WHAT THIS TASK INVOLVES: Your job with the data below is to output exactly the lines from the one holding "object name: photograph" down to the one holding "tags: riding a", both included, and no others.

[Source data]
_____

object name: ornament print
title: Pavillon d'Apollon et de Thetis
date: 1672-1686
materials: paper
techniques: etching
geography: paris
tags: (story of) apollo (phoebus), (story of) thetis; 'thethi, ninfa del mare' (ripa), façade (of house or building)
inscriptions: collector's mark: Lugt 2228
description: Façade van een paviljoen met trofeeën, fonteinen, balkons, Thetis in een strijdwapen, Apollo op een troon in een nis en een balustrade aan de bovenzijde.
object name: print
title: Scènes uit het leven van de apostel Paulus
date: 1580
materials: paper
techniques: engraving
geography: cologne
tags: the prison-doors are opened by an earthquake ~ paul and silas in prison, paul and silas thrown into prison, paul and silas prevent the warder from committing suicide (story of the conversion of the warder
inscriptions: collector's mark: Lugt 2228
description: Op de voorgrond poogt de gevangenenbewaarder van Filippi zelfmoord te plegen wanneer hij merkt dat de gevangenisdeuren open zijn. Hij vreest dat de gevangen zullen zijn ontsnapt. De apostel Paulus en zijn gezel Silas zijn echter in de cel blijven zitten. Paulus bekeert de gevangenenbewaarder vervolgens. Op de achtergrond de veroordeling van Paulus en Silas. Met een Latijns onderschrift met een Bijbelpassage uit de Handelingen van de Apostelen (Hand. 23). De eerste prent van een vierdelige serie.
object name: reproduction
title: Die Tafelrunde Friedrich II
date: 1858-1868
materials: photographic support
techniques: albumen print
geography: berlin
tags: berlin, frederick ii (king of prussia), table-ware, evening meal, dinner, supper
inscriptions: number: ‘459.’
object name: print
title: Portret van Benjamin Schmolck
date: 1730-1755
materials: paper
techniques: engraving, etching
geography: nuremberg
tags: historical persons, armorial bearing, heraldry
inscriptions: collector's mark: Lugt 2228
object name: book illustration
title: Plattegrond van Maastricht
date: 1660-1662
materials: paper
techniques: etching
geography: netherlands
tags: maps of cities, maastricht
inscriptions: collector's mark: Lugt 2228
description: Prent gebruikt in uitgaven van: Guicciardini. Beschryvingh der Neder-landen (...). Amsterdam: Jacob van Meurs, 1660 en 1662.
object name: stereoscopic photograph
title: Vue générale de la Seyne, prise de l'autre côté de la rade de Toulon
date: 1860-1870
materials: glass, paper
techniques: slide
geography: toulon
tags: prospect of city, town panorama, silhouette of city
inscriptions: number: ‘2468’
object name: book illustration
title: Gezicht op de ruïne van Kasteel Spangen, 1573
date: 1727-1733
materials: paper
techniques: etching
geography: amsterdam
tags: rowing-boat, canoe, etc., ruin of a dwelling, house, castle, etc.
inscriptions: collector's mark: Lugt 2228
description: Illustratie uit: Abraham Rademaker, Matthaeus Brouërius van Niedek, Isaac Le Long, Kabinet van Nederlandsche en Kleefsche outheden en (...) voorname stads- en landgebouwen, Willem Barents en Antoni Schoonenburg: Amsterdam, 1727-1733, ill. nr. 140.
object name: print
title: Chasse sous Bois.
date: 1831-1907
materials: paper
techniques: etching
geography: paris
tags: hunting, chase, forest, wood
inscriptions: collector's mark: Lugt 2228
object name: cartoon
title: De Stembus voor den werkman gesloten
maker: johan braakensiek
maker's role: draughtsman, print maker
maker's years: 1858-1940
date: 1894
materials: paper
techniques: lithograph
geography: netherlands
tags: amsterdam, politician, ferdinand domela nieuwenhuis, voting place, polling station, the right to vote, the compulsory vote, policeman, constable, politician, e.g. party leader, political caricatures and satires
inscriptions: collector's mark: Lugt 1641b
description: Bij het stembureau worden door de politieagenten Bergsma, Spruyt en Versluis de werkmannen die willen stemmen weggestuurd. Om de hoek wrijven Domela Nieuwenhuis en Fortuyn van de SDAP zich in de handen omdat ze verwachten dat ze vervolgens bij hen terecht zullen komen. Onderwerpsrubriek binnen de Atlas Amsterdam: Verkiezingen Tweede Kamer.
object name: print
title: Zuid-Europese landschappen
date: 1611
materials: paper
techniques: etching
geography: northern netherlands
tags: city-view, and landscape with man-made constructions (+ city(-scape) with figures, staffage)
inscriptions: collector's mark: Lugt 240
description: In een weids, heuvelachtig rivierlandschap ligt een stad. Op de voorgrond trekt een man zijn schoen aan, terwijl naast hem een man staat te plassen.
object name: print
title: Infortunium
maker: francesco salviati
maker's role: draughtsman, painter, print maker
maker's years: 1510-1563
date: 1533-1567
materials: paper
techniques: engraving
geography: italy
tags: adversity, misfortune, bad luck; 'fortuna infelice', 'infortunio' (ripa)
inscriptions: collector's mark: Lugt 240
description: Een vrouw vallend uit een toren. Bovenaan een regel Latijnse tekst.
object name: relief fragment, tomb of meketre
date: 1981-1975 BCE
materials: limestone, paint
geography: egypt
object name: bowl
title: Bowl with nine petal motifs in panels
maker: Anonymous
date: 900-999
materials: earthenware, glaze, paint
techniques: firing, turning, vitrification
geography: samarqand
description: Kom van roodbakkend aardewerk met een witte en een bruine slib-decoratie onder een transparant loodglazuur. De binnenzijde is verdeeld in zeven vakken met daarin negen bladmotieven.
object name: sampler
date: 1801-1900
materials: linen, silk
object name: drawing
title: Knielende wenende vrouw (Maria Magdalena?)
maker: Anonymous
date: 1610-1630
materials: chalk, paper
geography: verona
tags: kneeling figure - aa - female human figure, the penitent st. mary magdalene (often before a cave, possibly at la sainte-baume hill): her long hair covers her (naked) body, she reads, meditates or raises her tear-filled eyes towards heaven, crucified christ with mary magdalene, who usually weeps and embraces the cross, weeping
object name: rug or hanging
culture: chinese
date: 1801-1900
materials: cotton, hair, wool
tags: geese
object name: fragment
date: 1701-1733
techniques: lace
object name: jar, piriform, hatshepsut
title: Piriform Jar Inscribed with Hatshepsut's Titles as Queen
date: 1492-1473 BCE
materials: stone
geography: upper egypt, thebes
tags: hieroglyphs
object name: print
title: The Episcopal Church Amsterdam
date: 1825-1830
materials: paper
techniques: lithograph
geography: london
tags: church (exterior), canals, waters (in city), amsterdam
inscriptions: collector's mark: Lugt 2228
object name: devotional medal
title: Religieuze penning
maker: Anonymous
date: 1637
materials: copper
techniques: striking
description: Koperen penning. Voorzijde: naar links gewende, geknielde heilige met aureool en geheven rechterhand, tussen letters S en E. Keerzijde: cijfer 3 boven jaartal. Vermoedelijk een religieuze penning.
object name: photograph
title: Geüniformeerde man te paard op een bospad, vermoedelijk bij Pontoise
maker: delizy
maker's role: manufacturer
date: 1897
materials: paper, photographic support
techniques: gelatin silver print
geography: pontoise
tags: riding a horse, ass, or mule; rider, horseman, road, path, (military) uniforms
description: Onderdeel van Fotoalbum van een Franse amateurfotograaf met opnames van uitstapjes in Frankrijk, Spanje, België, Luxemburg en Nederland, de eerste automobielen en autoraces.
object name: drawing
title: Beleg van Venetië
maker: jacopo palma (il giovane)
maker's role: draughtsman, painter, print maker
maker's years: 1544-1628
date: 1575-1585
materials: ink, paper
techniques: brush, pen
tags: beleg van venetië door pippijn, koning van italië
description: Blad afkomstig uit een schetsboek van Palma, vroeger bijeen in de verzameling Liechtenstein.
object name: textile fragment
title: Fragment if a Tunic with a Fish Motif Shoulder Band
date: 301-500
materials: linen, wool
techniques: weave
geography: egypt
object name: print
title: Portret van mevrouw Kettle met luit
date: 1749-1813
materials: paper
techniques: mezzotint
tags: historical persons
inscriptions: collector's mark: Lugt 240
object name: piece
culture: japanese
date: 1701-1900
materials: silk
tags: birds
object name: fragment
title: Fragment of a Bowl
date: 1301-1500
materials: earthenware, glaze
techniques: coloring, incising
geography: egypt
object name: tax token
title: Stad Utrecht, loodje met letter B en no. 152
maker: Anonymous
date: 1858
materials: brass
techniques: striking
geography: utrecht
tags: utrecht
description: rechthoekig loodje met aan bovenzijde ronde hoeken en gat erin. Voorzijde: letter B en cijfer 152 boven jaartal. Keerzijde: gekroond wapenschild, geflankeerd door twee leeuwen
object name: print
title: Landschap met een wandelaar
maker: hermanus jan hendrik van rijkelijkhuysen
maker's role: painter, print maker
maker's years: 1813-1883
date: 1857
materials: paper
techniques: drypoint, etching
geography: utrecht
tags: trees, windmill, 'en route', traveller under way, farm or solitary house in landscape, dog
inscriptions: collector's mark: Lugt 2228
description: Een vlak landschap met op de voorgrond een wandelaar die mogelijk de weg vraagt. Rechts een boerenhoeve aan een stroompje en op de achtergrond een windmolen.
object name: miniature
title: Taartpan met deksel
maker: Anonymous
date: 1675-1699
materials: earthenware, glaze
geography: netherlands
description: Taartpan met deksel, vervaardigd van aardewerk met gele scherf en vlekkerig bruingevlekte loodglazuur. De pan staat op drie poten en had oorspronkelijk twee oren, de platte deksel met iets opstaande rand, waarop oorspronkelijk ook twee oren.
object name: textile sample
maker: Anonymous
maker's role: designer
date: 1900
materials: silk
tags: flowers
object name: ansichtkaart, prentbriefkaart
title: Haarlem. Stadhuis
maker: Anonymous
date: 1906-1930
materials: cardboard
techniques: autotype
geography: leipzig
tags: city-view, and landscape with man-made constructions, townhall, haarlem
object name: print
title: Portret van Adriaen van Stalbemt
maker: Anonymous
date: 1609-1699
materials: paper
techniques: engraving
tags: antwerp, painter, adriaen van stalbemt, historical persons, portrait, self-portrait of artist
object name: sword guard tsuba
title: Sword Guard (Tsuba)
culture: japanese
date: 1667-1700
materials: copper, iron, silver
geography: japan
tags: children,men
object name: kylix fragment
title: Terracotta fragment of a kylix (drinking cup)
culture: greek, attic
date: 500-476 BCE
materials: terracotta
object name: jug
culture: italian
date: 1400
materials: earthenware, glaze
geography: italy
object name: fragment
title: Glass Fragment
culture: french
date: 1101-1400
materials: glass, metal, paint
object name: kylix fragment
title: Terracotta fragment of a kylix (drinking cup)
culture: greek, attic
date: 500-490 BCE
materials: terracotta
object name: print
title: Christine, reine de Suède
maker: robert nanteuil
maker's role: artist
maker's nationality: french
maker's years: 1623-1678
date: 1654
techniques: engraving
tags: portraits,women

_____

ANSWER TO THIS TASK:
object name: photograph
title: Geüniformeerde man te paard op een bospad, vermoedelijk bij Pontoise
maker: delizy
maker's role: manufacturer
date: 1897
materials: paper, photographic support
techniques: gelatin silver print
geography: pontoise
tags: riding a horse, ass, or mule; rider, horseman, road, path, (military) uniforms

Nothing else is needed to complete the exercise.